__Material to process__
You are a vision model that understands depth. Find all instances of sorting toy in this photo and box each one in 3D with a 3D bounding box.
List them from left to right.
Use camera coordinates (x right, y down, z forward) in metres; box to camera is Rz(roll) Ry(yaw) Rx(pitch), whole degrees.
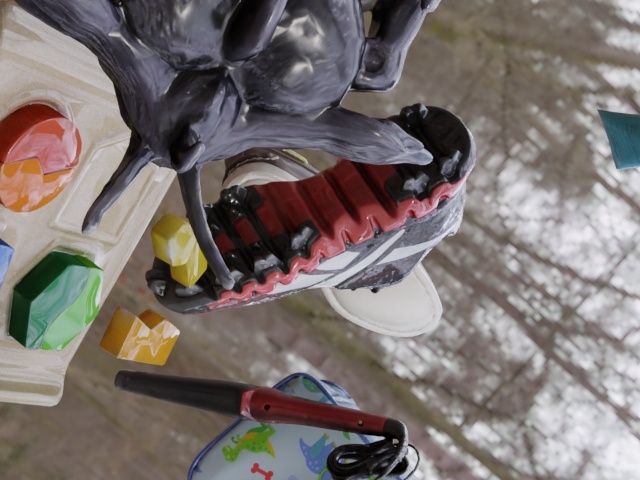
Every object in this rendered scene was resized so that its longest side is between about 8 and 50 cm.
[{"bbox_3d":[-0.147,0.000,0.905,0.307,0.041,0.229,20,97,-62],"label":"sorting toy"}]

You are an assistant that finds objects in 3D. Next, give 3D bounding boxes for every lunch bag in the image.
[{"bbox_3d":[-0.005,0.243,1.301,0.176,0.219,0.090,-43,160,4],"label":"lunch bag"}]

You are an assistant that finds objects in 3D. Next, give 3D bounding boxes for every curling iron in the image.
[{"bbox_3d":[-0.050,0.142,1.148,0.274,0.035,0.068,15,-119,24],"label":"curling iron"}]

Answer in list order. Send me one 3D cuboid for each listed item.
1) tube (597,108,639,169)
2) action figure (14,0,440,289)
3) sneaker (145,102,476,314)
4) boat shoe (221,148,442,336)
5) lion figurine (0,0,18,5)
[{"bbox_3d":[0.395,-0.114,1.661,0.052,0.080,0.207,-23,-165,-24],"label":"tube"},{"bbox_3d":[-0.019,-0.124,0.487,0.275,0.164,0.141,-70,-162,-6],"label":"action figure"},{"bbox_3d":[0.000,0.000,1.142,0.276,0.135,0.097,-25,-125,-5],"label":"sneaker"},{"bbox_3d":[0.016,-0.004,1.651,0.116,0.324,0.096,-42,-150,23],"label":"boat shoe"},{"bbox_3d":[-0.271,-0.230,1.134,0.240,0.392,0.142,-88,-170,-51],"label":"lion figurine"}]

==

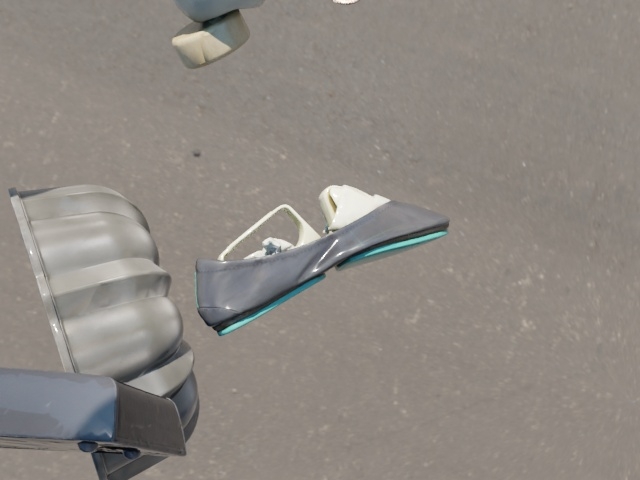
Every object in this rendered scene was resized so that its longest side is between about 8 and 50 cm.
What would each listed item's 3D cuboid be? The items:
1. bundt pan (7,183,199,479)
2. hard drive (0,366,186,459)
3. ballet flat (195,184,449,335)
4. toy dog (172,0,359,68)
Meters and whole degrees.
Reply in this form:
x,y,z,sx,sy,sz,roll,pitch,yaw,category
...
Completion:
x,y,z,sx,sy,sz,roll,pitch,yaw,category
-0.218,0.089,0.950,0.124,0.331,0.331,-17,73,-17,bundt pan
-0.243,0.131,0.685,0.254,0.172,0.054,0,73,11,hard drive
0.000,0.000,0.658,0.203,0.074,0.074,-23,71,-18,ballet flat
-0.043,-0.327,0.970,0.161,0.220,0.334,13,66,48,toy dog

...

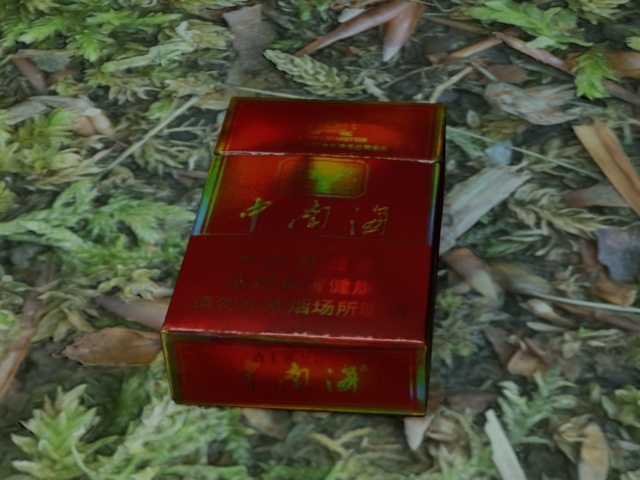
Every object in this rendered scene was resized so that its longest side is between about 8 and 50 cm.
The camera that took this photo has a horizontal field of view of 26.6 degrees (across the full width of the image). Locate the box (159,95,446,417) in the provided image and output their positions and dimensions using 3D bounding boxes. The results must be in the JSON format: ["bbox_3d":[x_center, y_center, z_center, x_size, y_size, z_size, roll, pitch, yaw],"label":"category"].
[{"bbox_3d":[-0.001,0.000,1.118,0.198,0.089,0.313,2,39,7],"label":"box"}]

__Work to complete__
Using only the listing above, restate exactly the lines from the line containing "You are a vision" through the line containing "Use camera coordinates", both included.

__Reply to the task__
You are a vision model that understands depth. Find all instances of sorting toy in this photo and box each one in 3D with a 3D bounding box.
List them from left to right.
Use camera coordinates (x right, y down, z forward) in metres; box to camera is Rz(roll) Ry(yaw) Rx(pitch), whole degrees.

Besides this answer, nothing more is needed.